Verse 28. - Forgive the trespass of thine handmaid. Reverting to her words in ver. 24, that the blame and punishment must rest on her, she now prays for forgiveness; but the intermediate words in ver. 26, emphasised in ver. 31, have raised her request to a higher level. Her prayer rests on the ground that she was saving David from a sin, and that in his thirst for vengeance he was bringing upon himself guilt. If the form of Abigail's address was most humble, the matter of it was brave and noble. A sure house. I.e. permanent prosperity (see on 1 Samuel 2:35). Because my lord fighteth. Hebrew, "will fight." David was not fighting these battles now because he was not yet enthroned as the theocratic king. It was Saul's business at present to fight "Jehovah's battles," either in person or by his officers (1 Samuel 18:17). The words, therefore, distinctly look forward to the time when David as king will have the duty imposed upon him of protecting Jehovah's covenant people. Evil hath not been found in thee. Hebrew, "shall not be found in thee," i.e. when the time comes for thee to take the kingdom no one shall be able to allege against thee any offence by which thou hast lost thy title to the kingly office; nor afterwards as king shalt thou be guilty of any breach of thy duty to Jehovah, Israel's supreme Ruler, so as to incur rejection as Saul has done.

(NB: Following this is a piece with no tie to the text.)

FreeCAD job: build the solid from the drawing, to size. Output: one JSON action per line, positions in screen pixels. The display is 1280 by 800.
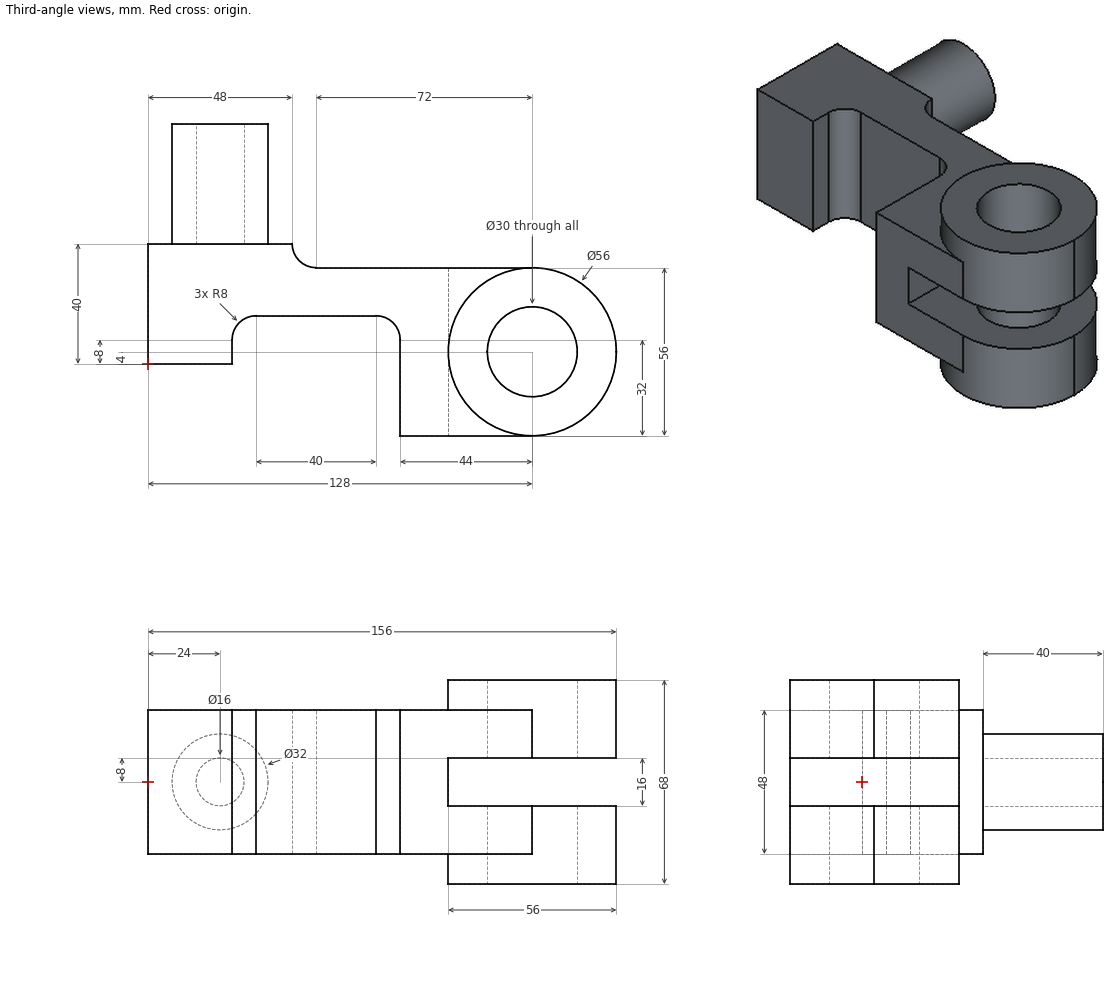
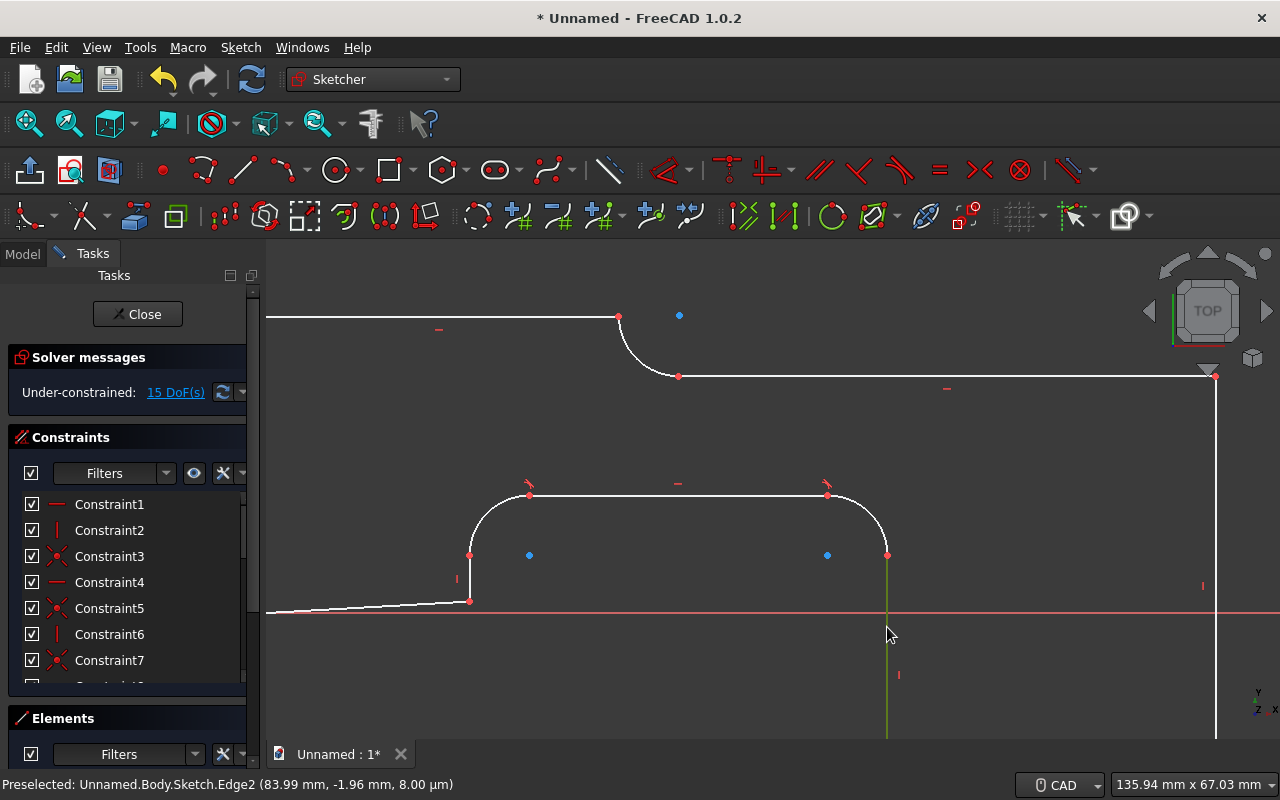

25:18-31 By a present Abigail atoned for Nabal's denial of David's request. Her behaviour was very submissive. Yielding pacifies great offences. She puts herself in the place of a penitent, and of a petitioner. She could not excuse her husband's conduct. She depends not upon her own reasonings, but on God's grace, to soften David, and expects that grace would work powerfully. She says that it was below him to take vengeance on so weak and despicable an enemy as Nabal, who, as he would do him no kindness, so he could do him no hurt. She foretells the glorious end of David's present troubles. God will preserve thy life; therefore it becomes not thee unjustly and unnecessarily to take away the lives of any, especially of the people of thy God and Saviour. Abigail keeps this argument for the last, as very powerful with so good a man; that the less he indulged his passion, the more he consulted his peace and the repose of his own conscience. Many have done that in a heat, which they have a thousand times wished undone again. The sweetness of revenge is soon turned into bitterness. When tempted to sin, we should consider how it will appear when we think upon it afterwards.I pray thee, forgive the trespass of thine handmaid,.... The trespasses, as the Targum, either the sin of her husband, she had taken upon herself, or her boldness in troubling him with her petitions and solicitations, and even with the present she had brought:

for the Lord will certainly make my lord a sure house; or a firm kingdom, as the Targum; would raise him to the kingdom of Israel, and establish it in his posterity, that it should not be taken from him, as it would be from Saul:

because my lord fighteth the battles of the Lord; the battles of the people of the Lord, as the Targum, of the people of Israel against the Philistines; which he had often done with success, the Lord being with him, and prospering him and therefore would firmly settle him on the throne, and continue the kingdom in his posterity:

and evil hath not been found in thee all thy days; no unjust action had been committed by him against his king and country, however he had been reproached and calumniated; and she hoped that therefore none would be done by him now to stain so fair a character.